# EXERCISE AIM
Show each line of the records below where the word "width" occurs.

+---+

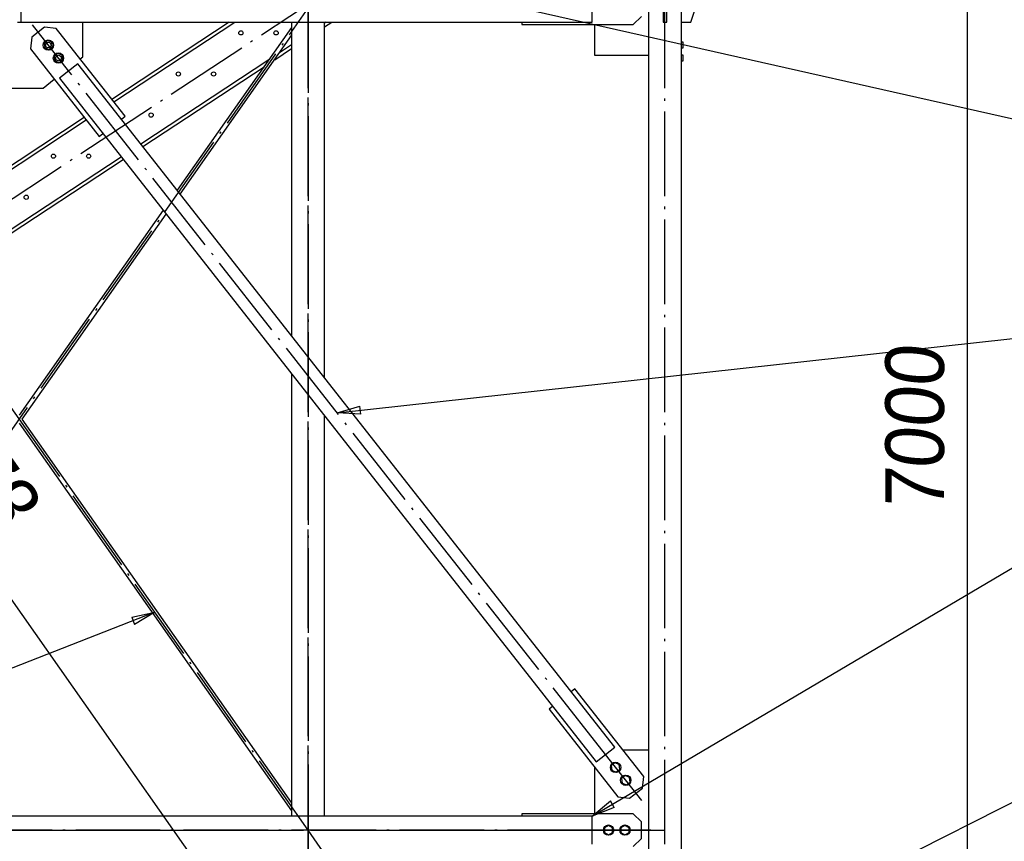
# Paper-space layout 'A0 Advance Steel' of a CAD drawing. Header units: millimetres. Extents: x 209 to 803, y 321 to 741.
# Tile 28 of 52: x 316 to 358, y 605 to 640. Entities that reach past the tile are written whole.
import ezdxf

# ---------------------------------------------------------------- set-up
doc = ezdxf.new("R2010")
doc.units = ezdxf.units.MM
doc.linetypes.add('ACAD_ISO04W100', pattern=[30, 24, -3, 0, -3])
doc.layers.get('0').update_dxf_attribs({"linetype": 'CONTINUOUS'})
for name, color, linetype in [('AS_Belki', 145, 'CONTINUOUS'), ('AS_Blachy', 30, 'CONTINUOUS'), ('AS_DIM_ON', 7, 'CONTINUOUS'), ('AS_INS_ON', 7, 'CONTINUOUS'), ('AS_Schody', 253, 'CONTINUOUS'), ('AS_Sruby', 9, 'CONTINUOUS')]:
    doc.layers.add(name, color=color, linetype=linetype)
doc.styles.add('ARIAL_1', font='arial.ttf', dxfattribs={"width": 0.9, "oblique": 5})

psp = doc.layouts.new('A0 Advance Steel')

# ---------------------------------------------------------------- linework, layer by layer
at = {"color": 0, "linetype": 'ByBlock', "lineweight": -2}
for p, q in [((329.739, 623.391), (330.715, 623.666)), ((330.752, 623.334), (329.739, 623.391)), ((330.752, 623.334), (330.715, 623.666)), ((320.993, 614.684), (321.985, 614.893)), ((321.985, 614.893), (321.115, 614.374)), ((320.993, 614.684), (321.115, 614.374)), ((340.606, 606.216), (341.382, 606.868)), ((341.551, 606.581), (340.606, 606.216)), ((341.551, 606.581), (341.382, 606.868))]:
    psp.add_line(p, q, dxfattribs=at)
at = {"color": 7}
for points in [[(337.606, 640.616), (364.208, 634.632), (381.097, 634.632)], [(329.739, 623.391), (364.208, 627.172), (381.097, 627.172)], [(340.606, 606.216), (364.208, 620.156), (381.097, 620.156)], [(321.985, 614.893), (282.774, 599.54), (273.845, 599.54)]]:
    psp.add_lwpolyline(points, dxfattribs=at)
at = {"layer": 'AS_Belki', "linetype": 'Continuous', "ltscale": 0.15}
for p, q in [((343.006, 664.016), (343.006, 549.337)), ((344.406, 549.337), (344.406, 664.016)), ((340.606, 640.016), (340.606, 641.216)), ((316.286, 640.016), (340.606, 640.016)), ((327.806, 639.794), (322.934, 632.862)), ((327.806, 640.016), (327.806, 626.662)), ((329.206, 624.88), (329.206, 640.016)), ((323.063, 632.698), (327.806, 639.446)), ((318.699, 638.251), (317.913, 637.633)), ((341.566, 609.149), (318.699, 638.251)), ((317.913, 637.633), (340.779, 608.531)), ((322.333, 632.008), (316.206, 623.29)), ((316.328, 623.116), (322.462, 631.844)), ((327.806, 625.043), (327.806, 606.216)), ((329.206, 606.216), (329.206, 623.261)), ((316.206, 622.942), (327.806, 606.438)), ((327.806, 606.786), (316.328, 623.116)), ((340.779, 608.531), (341.566, 609.149)), ((340.606, 606.216), (314.838, 606.216)), ((340.606, 605.016), (340.606, 606.216))]:
    psp.add_line(p, q, dxfattribs=at)
at = {"layer": 'AS_Belki', "color": 10, "linetype": 'ACAD_ISO04W100', "ltscale": 0.15}
for points in [[(328.506, 413.914), (328.506, 416.414), (328.506, 708.563), (328.506, 711.063)], [(328.506, 413.914), (328.506, 416.414), (328.506, 708.563), (328.506, 711.063)], [(343.706, 413.914), (343.706, 416.414), (343.706, 701.866), (343.706, 704.366)], [(343.706, 413.914), (343.706, 416.414), (343.706, 701.866), (343.706, 704.366)], [(329.943, 603.571), (328.506, 605.616), (303.906, 640.616), (302.468, 642.661)], [(302.468, 603.571), (303.906, 605.616), (328.506, 640.616), (329.943, 642.661)], [(329.943, 603.571), (328.506, 605.616), (303.906, 640.616), (302.468, 642.661)], [(302.468, 603.571), (303.906, 605.616), (328.506, 640.616), (329.943, 642.661)], [(328.506, 642.661), (328.506, 640.616), (328.506, 605.616), (328.506, 603.571)], [(328.506, 603.571), (328.506, 605.616), (328.506, 640.616), (328.506, 642.661)], [(342.717, 606.874), (341.173, 608.84), (318.306, 637.942), (316.762, 639.908)], [(342.717, 606.874), (341.173, 608.84), (318.306, 637.942), (316.762, 639.908)], [(343.106, 605.616), (340.606, 605.616), (291.806, 605.616), (289.306, 605.616)], [(289.306, 605.616), (291.806, 605.616), (340.606, 605.616), (343.106, 605.616)], [(316.237, 605.616), (317.81, 605.616), (326.744, 605.616), (328.317, 605.616)], [(328.506, 605.616), (328.506, 605.616), (328.506, 605.616), (328.506, 605.616)], [(328.718, 605.616), (330.486, 605.616), (341.726, 605.616), (343.494, 605.616)], [(328.739, 605.616), (330.682, 605.616), (341.723, 605.616), (343.667, 605.616)]]:
    psp.add_lwpolyline(points, dxfattribs=at)
at = {"layer": 'AS_Blachy', "linetype": 'Continuous', "ltscale": 0.15}
for p, q in [((316.286, 640.016), (316.286, 643.197)), ((343.626, 643.256), (343.626, 640.016)), ((343.786, 640.016), (343.786, 643.256)), ((344.806, 640.016), (345.886, 643.256)), ((342.356, 639.916), (342.706, 640.266)), ((316.126, 640.016), (316.286, 640.016)), ((317.284, 639.81), (316.734, 639.377)), ((317.775, 639.751), (317.284, 639.81)), ((317.889, 639.606), (317.775, 639.751)), ((318.906, 638.541), (318.906, 640.016)), ((337.606, 640.016), (337.606, 639.916)), ((337.606, 639.916), (342.356, 639.916)), ((340.706, 639.916), (340.706, 638.616)), ((343.626, 640.016), (343.786, 640.016)), ((344.406, 640.016), (344.806, 640.016)), ((316.734, 639.377), (316.675, 638.886)), ((320.71, 636.016), (317.889, 639.606)), ((316.675, 638.886), (319.609, 635.151)), ((318.795, 638.454), (318.906, 638.541)), ((340.706, 638.616), (343.006, 638.616)), ((317.22, 637.216), (317.694, 637.589)), ((315.192, 637.216), (317.22, 637.216)), ((320.553, 635.892), (320.71, 636.016)), ((319.609, 635.151), (319.767, 635.275)), ((339.87, 611.631), (339.712, 611.508)), ((342.804, 607.896), (339.87, 611.631)), ((338.926, 610.89), (338.769, 610.766)), ((338.769, 610.766), (341.703, 607.031)), ((343.006, 609.016), (341.924, 609.016)), ((340.706, 608.301), (340.706, 606.316)), ((342.745, 607.405), (342.804, 607.896)), ((342.195, 606.972), (342.745, 607.405)), ((341.703, 607.031), (342.195, 606.972)), ((342.356, 606.316), (337.606, 606.316)), ((337.606, 606.316), (337.606, 606.216)), ((342.706, 605.966), (342.356, 606.316)), ((342.706, 605.266), (342.706, 605.966)), ((342.356, 604.916), (342.706, 605.266))]:
    psp.add_line(p, q, dxfattribs=at)
at = {"layer": 'AS_DIM_ON', "color": 8}
for p, q in [((356.594, 587.817), (356.594, 658.817)), ((299.487, 638.733), (325.237, 602.097))]:
    psp.add_line(p, q, dxfattribs=at)
at = {"layer": 'AS_INS_ON'}
psp.add_line((363.997, 609.57), (333.645, 594.239), dxfattribs=at)
at = {"layer": 'AS_Schody', "linetype": 'Continuous', "ltscale": 0.15}
for p, q in [((325.143, 640.016), (320.148, 636.731)), ((320.229, 636.628), (325.38, 640.016)), ((329.206, 639.815), (329.511, 640.016)), ((329.274, 640.016), (329.206, 639.971)), ((327.085, 638.42), (327.806, 638.895)), ((327.806, 639.05), (327.288, 638.71)), ((326.834, 638.411), (321.388, 634.829)), ((321.469, 634.727), (326.63, 638.122)), ((318.974, 635.959), (314.838, 633.239)), ((314.838, 633.083), (319.055, 635.856)), ((320.55, 634.278), (314.838, 630.522)), ((314.838, 630.366), (320.63, 634.175))]:
    psp.add_line(p, q, dxfattribs=at)
at = {"layer": 'AS_Schody', "color": 10, "linetype": 'ACAD_ISO04W100', "ltscale": 0.15}
psp.add_lwpolyline([(301.368, 622.943), (303.457, 624.317), (330.665, 642.211), (332.754, 643.585)], dxfattribs=at)
psp.add_lwpolyline([(301.368, 622.943), (303.457, 624.317), (330.665, 642.211), (332.754, 643.585)], dxfattribs=at)
at = {"layer": 'AS_Schody', "linetype": 'Continuous', "ltscale": 0.15}
for centre in [(325.642, 639.564), (327.142, 639.564), (322.981, 637.814), (324.481, 637.814), (321.821, 636.064), (317.66, 634.314), (319.16, 634.314), (316.499, 632.564)]:
    psp.add_circle(centre, 0.09, dxfattribs=at)
at = {"layer": 'AS_Sruby', "linetype": 'Continuous', "ltscale": 0.15}
for p, q in [((317.413, 639.239), (317.258, 639.117)), ((317.597, 639.165), (317.413, 639.239)), ((317.258, 639.117), (317.286, 638.921)), ((317.286, 638.921), (317.469, 638.848)), ((317.469, 638.848), (317.625, 638.97)), ((317.625, 638.97), (317.597, 639.165)), ((344.486, 639.162), (344.406, 639.162)), ((344.406, 638.924), (344.486, 638.924)), ((344.486, 639.148), (344.486, 639.162)), ((344.486, 639.117), (344.486, 639.148)), ((344.486, 639.076), (344.486, 639.117)), ((344.486, 639.029), (344.486, 639.076)), ((344.486, 638.984), (344.486, 639.029)), ((344.486, 638.949), (344.486, 638.984)), ((344.486, 638.928), (344.486, 638.949)), ((344.486, 638.924), (344.486, 638.928)), ((317.846, 638.689), (317.69, 638.566)), ((317.69, 638.566), (317.718, 638.371)), ((317.718, 638.371), (317.902, 638.297)), ((318.029, 638.615), (317.846, 638.689)), ((317.902, 638.297), (318.057, 638.419)), ((318.057, 638.419), (318.029, 638.615)), ((344.486, 638.612), (344.406, 638.612)), ((344.406, 638.374), (344.486, 638.374)), ((344.486, 638.597), (344.486, 638.612)), ((344.486, 638.567), (344.486, 638.597)), ((344.486, 638.525), (344.486, 638.567)), ((344.486, 638.479), (344.486, 638.525)), ((344.486, 638.434), (344.486, 638.479)), ((344.486, 638.398), (344.486, 638.434)), ((344.486, 638.377), (344.486, 638.398)), ((344.486, 638.374), (344.486, 638.377)), ((341.577, 608.487), (341.42, 608.364)), ((341.42, 608.364), (341.448, 608.166)), ((341.448, 608.166), (341.633, 608.091)), ((341.762, 608.413), (341.577, 608.487)), ((341.633, 608.091), (341.791, 608.215)), ((341.791, 608.215), (341.762, 608.413)), ((342.009, 607.937), (341.852, 607.813)), ((341.852, 607.813), (341.88, 607.615)), ((342.195, 607.862), (342.009, 607.937)), ((342.223, 607.665), (342.195, 607.862)), ((341.88, 607.615), (342.066, 607.541)), ((342.066, 607.541), (342.223, 607.665)), ((341.306, 605.816), (341.133, 605.716)), ((341.133, 605.716), (341.133, 605.516)), ((341.479, 605.716), (341.306, 605.816)), ((341.479, 605.516), (341.479, 605.716)), ((342.006, 605.816), (341.833, 605.716)), ((341.833, 605.716), (341.833, 605.516)), ((342.179, 605.716), (342.006, 605.816)), ((342.179, 605.516), (342.179, 605.716)), ((341.133, 605.516), (341.306, 605.416)), ((341.306, 605.416), (341.479, 605.516)), ((341.833, 605.516), (342.006, 605.416)), ((342.006, 605.416), (342.179, 605.516))]:
    psp.add_line(p, q, dxfattribs=at)
for centre, radius in [((317.441, 639.043), 0.22), ((317.441, 639.043), 0.12), ((317.874, 638.493), 0.22), ((317.874, 638.493), 0.12), ((341.605, 608.289), 0.22), ((342.038, 607.739), 0.22), ((341.306, 605.616), 0.22), ((342.006, 605.616), 0.22)]:
    psp.add_circle(centre, radius, dxfattribs=at)

# ---------------------------------------------------------------- texts
at = {"layer": 'AS_DIM_ON', "color": 9, "style": 'ARIAL_1', "oblique": 5, "width": 0.9}
for s, rotation, p in [('7000', 90, (355.594, 619.21)), ('4278', 305.1017, (311.134, 623.901))]:
    psp.add_text(s, height=2.5, rotation=rotation, dxfattribs=at).set_placement(p)

doc.saveas('drawing.dxf')

+---+

# SOLUTION
doc.styles.add('ARIAL_1', font='arial.ttf', dxfattribs={"width": 0.9, "oblique": 5})
at = {"layer": 'AS_DIM_ON', "color": 9, "style": 'ARIAL_1', "oblique": 5, "width": 0.9}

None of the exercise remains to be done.